Rosio Pavoris

Last time, I talked about the difference between symmetric and asymmetric ciphers, and said the symmetric ones were further divided into block and stream ciphers. I’ll say a little about what that means, without getting too deeply into it, since it’s not really that important.

Well, I say symmetric, but I can’t think of a conceptual reason asymmetric ciphers also couldn’t be divided into those two classes. In practice, though, I don’t know of a single asymmetric cipher that isn’t basically a block cipher.

Block Ciphers

Most modern ciphers are block ciphers. They take the text as a whole, divide it into blocks (if necessary; sometimes the entire text is a single block), and encrypt those blocks. Most modern ciphers also use those encrypted blocks to encrypt the other blocks and things, in a type of cascade effect, though this is by no means necessary.
The important part is that they require the entire text before they can start encrypting.

Probably all of the symmetric ciphers you’ve heard of are block ciphers. DES is one that uses 64-bit blocks. So is Blowfish. AES, Twofish, and Serpent use 128-bit blocks.

Stream Ciphers

Stream ciphers, on the other hand, treat their input as a data stream (hence the name) and encrypt it on the fly, as it were. They don’t need entire blocks, and certainly don’t need the entire set of data before they can start encrypting, which has a lot of advantages, but also some disadvantages.
To understand how they generally work, we need some background on how computers generate random numbers.

The simplest type of (software) random number generator isn’t actually “random” at all. It’s a function that takes a starting number (the seed), and subjects it to a series of mathematical functions to obtain a result, which is the output.
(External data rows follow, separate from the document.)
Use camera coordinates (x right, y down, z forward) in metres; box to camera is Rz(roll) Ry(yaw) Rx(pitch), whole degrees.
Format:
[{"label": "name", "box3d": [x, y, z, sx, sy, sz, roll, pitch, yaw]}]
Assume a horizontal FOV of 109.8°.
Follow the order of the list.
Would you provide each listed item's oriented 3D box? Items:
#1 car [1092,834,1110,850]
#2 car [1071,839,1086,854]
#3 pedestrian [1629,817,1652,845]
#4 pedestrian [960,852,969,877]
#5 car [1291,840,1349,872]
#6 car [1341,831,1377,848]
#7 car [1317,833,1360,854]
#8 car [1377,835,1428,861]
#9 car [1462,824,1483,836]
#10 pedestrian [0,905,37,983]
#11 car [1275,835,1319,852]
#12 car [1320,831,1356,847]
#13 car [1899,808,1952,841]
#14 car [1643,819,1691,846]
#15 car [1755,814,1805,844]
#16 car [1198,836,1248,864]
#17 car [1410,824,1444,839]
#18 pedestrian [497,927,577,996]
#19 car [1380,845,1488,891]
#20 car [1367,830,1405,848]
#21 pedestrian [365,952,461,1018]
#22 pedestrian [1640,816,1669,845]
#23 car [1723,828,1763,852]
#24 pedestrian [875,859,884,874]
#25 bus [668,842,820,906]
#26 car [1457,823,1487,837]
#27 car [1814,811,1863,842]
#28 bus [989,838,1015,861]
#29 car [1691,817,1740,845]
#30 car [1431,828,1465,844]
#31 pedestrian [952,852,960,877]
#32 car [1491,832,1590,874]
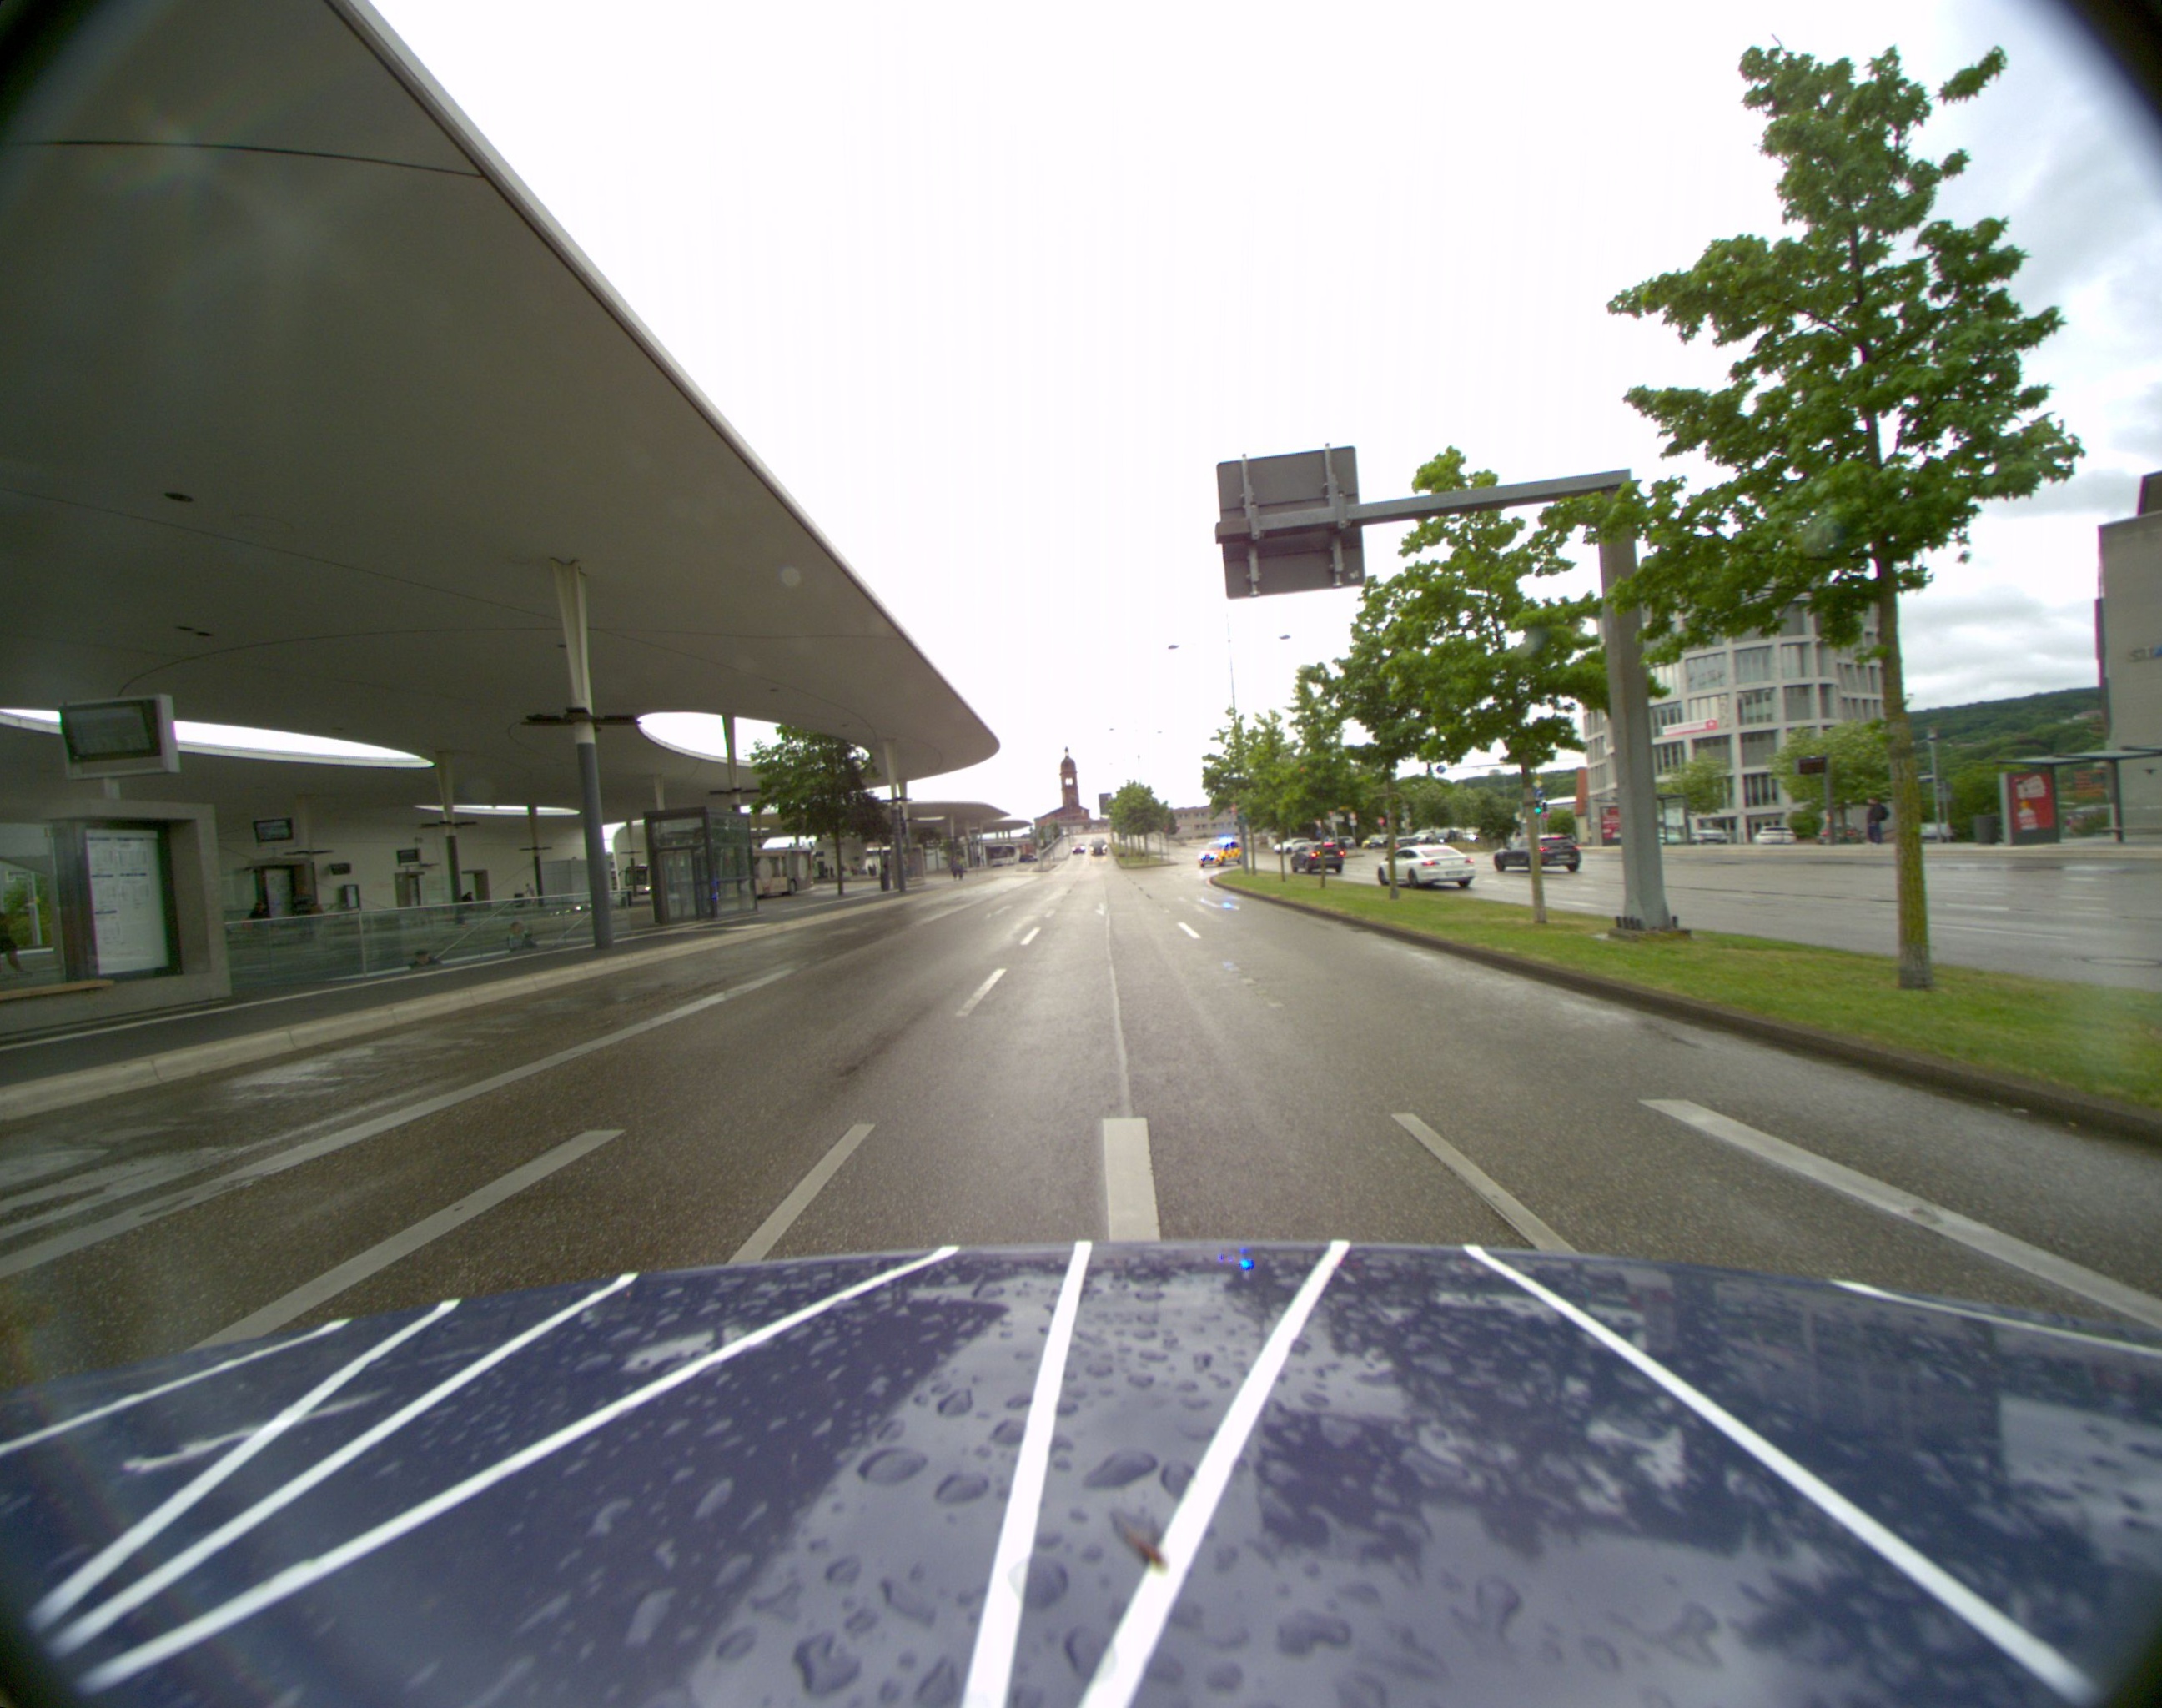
[{"label": "car", "box3d": [2.704, -1.556, 101.604, 1.999, 2.002, 3.998, -2, 1, -3]}, {"label": "car", "box3d": [-0.390, -1.106, 110.882, 1.999, 2.002, 3.999, -2, 1, -1]}, {"label": "pedestrian", "box3d": [30.584, -1.266, 41.519, 0.732, 1.481, 0.735, -2, 1, 10]}, {"label": "pedestrian", "box3d": [-8.168, 0.741, 53.340, 0.446, 1.754, 0.537, -3, 1, -5]}, {"label": "car", "box3d": [12.680, 0.077, 40.568, 2.009, 1.545, 4.165, -2, 1, 5]}, {"label": "car", "box3d": [30.342, -1.591, 82.771, 4.165, 1.692, 1.872, -3, 1, -42]}, {"label": "car", "box3d": [23.363, -0.970, 68.943, 4.165, 1.692, 1.872, -3, 1, -43]}, {"label": "car", "box3d": [20.707, -0.435, 49.128, 1.884, 1.545, 4.002, -2, 1, 5]}, {"label": "car", "box3d": [53.107, -3.272, 102.970, 1.872, 1.625, 4.165, -1, 1, 37]}, {"label": "pedestrian", "box3d": [-21.658, 1.803, 15.291, 0.478, 1.505, 0.535, -3, 1, 6]}, {"label": "car", "box3d": [22.310, -1.102, 78.611, 4.053, 1.550, 1.809, -2, 1, -22]}, {"label": "car", "box3d": [28.744, -1.682, 84.986, 4.164, 1.624, 1.872, -3, 1, -39]}, {"label": "car", "box3d": [46.843, -1.627, 42.206, 4.165, 1.692, 1.872, -3, 1, -43]}, {"label": "car", "box3d": [39.080, -1.461, 50.637, 4.165, 1.692, 1.872, -3, 1, -43]}, {"label": "car", "box3d": [42.824, -1.555, 46.528, 4.165, 1.692, 1.872, -3, 1, -43]}, {"label": "car", "box3d": [11.167, -0.357, 59.385, 1.995, 2.002, 5.070, -1, 1, 33]}, {"label": "car", "box3d": [39.406, -2.568, 86.521, 4.309, 1.625, 1.872, -3, 1, -41]}, {"label": "pedestrian", "box3d": [-11.261, 2.212, 15.762, 0.882, 1.268, 0.958, -2, 1, 5]}, {"label": "car", "box3d": [11.962, 0.416, 26.062, 2.009, 1.345, 4.165, -2, 1, 4]}, {"label": "car", "box3d": [30.896, -1.530, 76.993, 4.165, 1.692, 1.872, -3, 1, -42]}, {"label": "pedestrian", "box3d": [-12.461, 2.429, 14.208, 0.882, 1.048, 0.958, -2, 1, 5]}, {"label": "pedestrian", "box3d": [30.555, -1.251, 40.501, 0.983, 1.481, 0.735, -2, 1, 12]}, {"label": "car", "box3d": [51.050, -1.098, 58.588, 4.165, 1.692, 1.872, -3, 1, -43]}, {"label": "pedestrian", "box3d": [-28.326, 1.756, 106.760, 1.025, 2.002, 0.879, -2, 1, -14]}, {"label": "bus", "box3d": [-18.642, 0.878, 43.368, 2.876, 3.064, 11.921, -2, 1, 2]}, {"label": "car", "box3d": [48.582, -2.947, 94.327, 4.165, 1.625, 1.872, -3, 1, -41]}, {"label": "car", "box3d": [44.758, -1.631, 44.872, 4.165, 1.692, 1.872, -3, 1, -43]}, {"label": "bus", "box3d": [-12.005, -0.648, 114.349, 3.584, 3.080, 10.747, -3, 0, -7]}, {"label": "car", "box3d": [40.724, -1.495, 48.743, 4.165, 1.692, 1.872, -3, 1, -43]}, {"label": "car", "box3d": [39.520, -1.949, 81.806, 4.165, 1.625, 1.872, -3, 1, -42]}, {"label": "pedestrian", "box3d": [-8.758, 0.723, 53.320, 0.445, 1.754, 0.537, -3, 1, -5]}, {"label": "car", "box3d": [18.746, -0.086, 31.238, 1.884, 1.545, 4.002, -2, 1, 5]}]

When the function is called again, it will use this output as the seed and repeat the process, obtaining another function.
Typically, the original seed is some representation of the system time in microseconds, ensuring that the output is sufficiently unpredictable.

This is the earliest type of pseudo-random number generator still commonly in use¹, and a stream cipher is conceptually just that. The output of the pseudo-random number generator is used to encrypt bits or bytes of the stream (depending on the cipher), for instance through a simple XOR operation.
The cipher key is the RNG’s seed, as using the same key again will produce the exact same sequence of numbers.

There are obvious uses for stream ciphers. One is encryption of telephone conversations, where block ciphers couldn’t possibly be used. Secure wireless internet is another example.

There are also disadvantages, though. One is that stream ciphers are perceived to be less secure, since cascade effects will necessarily be more subtle, and can only work in the forward direction (you can use byte 1 to XOR byte 2 and byte 2 to XOR byte 3, for example, but you can’t work backwards, which many block ciphers do do).
If the output of the random number generator function is sufficiently random, this wouldn’t be an issue (and brute-forcing would essentially be the only way to crack it, and only if you knew what kind of message to expect and there’s a limited key length, as the key is basically used to generate a giant one-time pad; if the function can take a key of any length, it would be uncrackable), but designing a good PRNG is, of course, quite challenging.

Though stream ciphers are conceptually easy to understand, potentially very secure, and very useful, I’m ashamed to admit I couldn’t name a single one off the top of my head, and I have no idea why this is the case. I’d like to think that this is because most of them are proprietary algorithms developed by shitty cell phone companies, but probably I just suck.
You could say simple things like Caesar substitution and Vigenère ciphers are stream ciphers, I guess, since they can be applied to streams, but I’d say they don’t really fit neatly into either category.
Go go gadget Wikipedia.

¹ There are other kinds. If you use the Lunix, /dev/random and /dev/urandom both rely on entropy in the system to generate random numbers of a higher quality, and there is specialised hardware that will, for example, generate random numbers based on thermal noise. Neither of these are suited to stream ciphers, though, as the sequences of numbers they generate aren’t (supposed to be) reproducible.